Hoon Alexander H, Vasconcellos Faria Andreia
Johns Hopkins University School of Medicine, Phelps Center for Cerebral Palsy and Neurodevelopmental Medicine, Kennedy Krieger Institute, Baltimore, Maryland.
Dev Disabil Res Rev. 2010;16(4):302-12. doi: 10.1002/ddrr.127.

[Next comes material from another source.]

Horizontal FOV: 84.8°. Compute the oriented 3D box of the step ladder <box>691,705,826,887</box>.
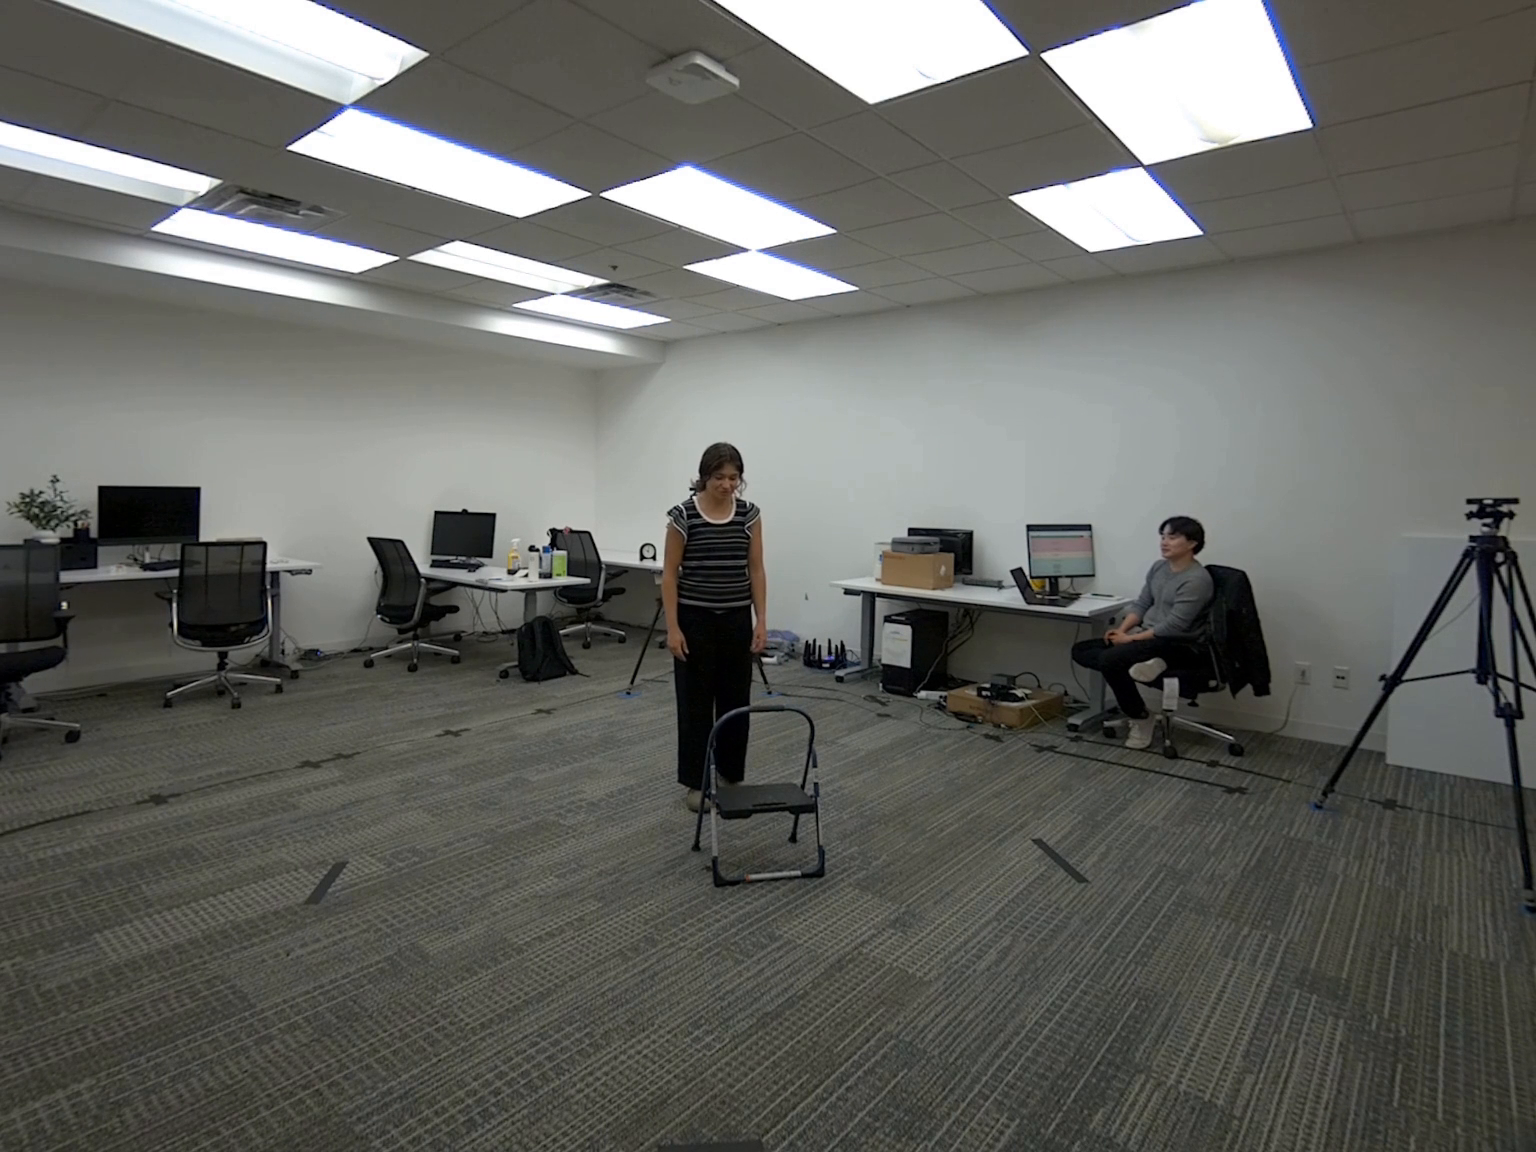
[{"bbox_3d":[-0.043,0.764,3.165,0.423,0.605,0.356,0,3,-16],"label":"step ladder"}]

With advances in obstetric and perinatal management, the incidence of intraventricular hemorrhage in premature infants has declined, while periventricular leukomalacia remains a significant concern. It is now known that brain injury in children born preterm also involves neuronal-axonal disease in supratentorial and infratentorial structures. The developing brain is especially vulnerable to white matter (WM) injury from 23 to 34 weeks gestation when blood vessels serving the periventricular WM are immature. Oligodendrocyte progenitors, which are beginning to form myelin during this time, are susceptible to attack from oxygen free radicals, glutamate, and inflammatory cytokines. Advances in imaging techniques such as diffusion tensor imaging provide a more complete picture of the location and extent of injury. Effective management of children born preterm with cerebral palsy is predicated on an understanding of sequential links from etiological antecedents to brain neuropathology as revealed with neuroimaging techniques to clinical phenotypes, toward focused interventions with measurable outcomes.
随着产科和围产期管理的进步,早产儿脑室内出血的发生率有所下降,而脑室周围白质软化症仍然是一个重大问题。现在已知,早产儿童的脑损伤还涉及幕上和幕下结构的神经元轴突疾病。在妊娠23至34周时,为脑室周围白质供血的血管不成熟,发育中的大脑特别容易受到白质损伤。在此期间开始形成髓鞘的少突胶质细胞前体易受氧自由基、谷氨酸和炎性细胞因子的攻击。诸如扩散张量成像等成像技术的进步,能更全面地显示损伤的位置和程度。对早产脑瘫患儿的有效管理,基于对从病因学前驱因素到神经影像学技术所揭示的脑神经病理学,再到临床表型的连续联系的理解,从而进行有针对性的干预并取得可测量的结果。